Castor represents Tampa, and many of her constituents are of Cuban descent, as Ybor City was originally founded in 1885 by cigar manufacturers. Many Cuban and Spanish immigrants worked in the cigar factories.
“The Tampa community has been central and supportive of human rights and Cuban independence since the days when freedom fighter Jose Marti rallied cigar workers in Tampa for support for Cuban independence over one hundred years ago,” she said. “It is no different now.”
Castor added that many of her neighbors and staff have been unable to communicate with family on the island.
“Before the Cuban regime cut off the internet we heard directly that most Cubans do not have electricity, medicine, food, internet or access to a hospital,” she said. “They feel completely betrayed by the Cuban regime and are demanding freedom and a better life. We must do all we can to increase access to internet and communication on the island.”
Florida’s Republican senators, Marco Rubio and Rick Scott, called on Biden for a meeting at the White House to discuss how the administration and Congress could support the protests in Cuba.
“The time of that transcendence in Cuba is upon us, and we must act,” they, along with several other GOP lawmakers, wrote in a letter to Biden. “We must support our Cuban brothers and sisters as they seek to take control of their future and liberate themselves from the communist malignancy.”
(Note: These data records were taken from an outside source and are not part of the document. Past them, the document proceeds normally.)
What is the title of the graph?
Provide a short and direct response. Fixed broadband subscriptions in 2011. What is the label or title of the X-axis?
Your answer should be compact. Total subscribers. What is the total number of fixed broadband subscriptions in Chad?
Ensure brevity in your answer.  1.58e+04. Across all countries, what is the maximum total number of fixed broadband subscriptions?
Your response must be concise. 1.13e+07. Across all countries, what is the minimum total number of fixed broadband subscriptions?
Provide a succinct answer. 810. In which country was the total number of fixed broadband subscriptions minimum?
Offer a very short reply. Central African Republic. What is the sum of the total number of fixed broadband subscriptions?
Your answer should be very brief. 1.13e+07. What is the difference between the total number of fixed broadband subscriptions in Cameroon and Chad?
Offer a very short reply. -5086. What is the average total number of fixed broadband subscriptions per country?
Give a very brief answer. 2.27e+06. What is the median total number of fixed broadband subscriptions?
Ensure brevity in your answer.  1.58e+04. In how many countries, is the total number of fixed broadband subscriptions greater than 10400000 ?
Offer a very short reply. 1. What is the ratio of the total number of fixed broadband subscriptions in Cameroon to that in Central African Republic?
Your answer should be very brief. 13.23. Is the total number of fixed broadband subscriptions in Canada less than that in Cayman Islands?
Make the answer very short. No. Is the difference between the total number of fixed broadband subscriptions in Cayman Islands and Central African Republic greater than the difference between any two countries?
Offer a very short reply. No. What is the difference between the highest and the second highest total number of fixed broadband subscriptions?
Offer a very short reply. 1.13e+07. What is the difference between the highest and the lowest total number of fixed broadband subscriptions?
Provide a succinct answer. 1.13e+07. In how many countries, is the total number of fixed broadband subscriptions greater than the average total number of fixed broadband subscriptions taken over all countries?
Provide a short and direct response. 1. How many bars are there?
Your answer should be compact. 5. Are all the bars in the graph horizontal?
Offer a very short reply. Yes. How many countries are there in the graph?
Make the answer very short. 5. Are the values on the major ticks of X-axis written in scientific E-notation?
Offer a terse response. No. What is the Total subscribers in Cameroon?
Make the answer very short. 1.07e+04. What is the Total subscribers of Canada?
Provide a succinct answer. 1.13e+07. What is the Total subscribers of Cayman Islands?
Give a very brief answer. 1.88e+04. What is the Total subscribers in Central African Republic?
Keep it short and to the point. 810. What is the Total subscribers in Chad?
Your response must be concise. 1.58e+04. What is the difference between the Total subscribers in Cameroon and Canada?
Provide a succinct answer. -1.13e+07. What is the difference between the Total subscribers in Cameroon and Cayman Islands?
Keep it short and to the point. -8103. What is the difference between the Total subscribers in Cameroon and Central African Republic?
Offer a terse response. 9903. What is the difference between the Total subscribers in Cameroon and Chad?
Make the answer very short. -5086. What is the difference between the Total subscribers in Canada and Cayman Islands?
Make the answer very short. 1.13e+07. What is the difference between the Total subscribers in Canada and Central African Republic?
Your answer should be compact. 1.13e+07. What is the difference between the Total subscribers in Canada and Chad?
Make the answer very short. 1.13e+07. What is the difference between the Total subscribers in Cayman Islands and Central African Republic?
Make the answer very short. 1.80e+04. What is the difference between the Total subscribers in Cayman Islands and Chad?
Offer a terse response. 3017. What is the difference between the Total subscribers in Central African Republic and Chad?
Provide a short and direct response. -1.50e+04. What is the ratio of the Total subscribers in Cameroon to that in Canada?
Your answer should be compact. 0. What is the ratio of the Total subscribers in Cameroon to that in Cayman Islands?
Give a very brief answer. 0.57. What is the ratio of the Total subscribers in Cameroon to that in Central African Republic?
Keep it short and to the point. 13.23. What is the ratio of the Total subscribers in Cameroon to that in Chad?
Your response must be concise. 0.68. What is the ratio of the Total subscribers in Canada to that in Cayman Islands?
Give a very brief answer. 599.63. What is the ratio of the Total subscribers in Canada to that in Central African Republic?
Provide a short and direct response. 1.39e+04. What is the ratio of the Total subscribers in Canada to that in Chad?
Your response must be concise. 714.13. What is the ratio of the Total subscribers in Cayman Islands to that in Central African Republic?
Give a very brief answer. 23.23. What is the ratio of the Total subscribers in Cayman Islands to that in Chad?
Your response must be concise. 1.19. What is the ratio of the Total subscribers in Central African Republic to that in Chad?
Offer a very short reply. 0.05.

“Therefore, we request a meeting with you as soon as possible to discuss how Congress and your Administration can work together to bring an end to the oppressive communist regime in Havana and liberate the Cuban people,” they continued.
The State Department, along with 20 countries, on Sunday issued a statement of support for the people of Cuba protesting the regime, saying they condemn “the mass arrests and detentions of protestors in Cuba and call on the government to respect the universal rights and freedoms of the Cuban people, including the free flow of information to all Cubans.”
“We call on the Cuban government to respect the legally guaranteed rights and freedoms of the Cuban people without fear of arrest and detention,” the statement said. “We urge the Cuban government to heed the voices and demands of the Cuban people.”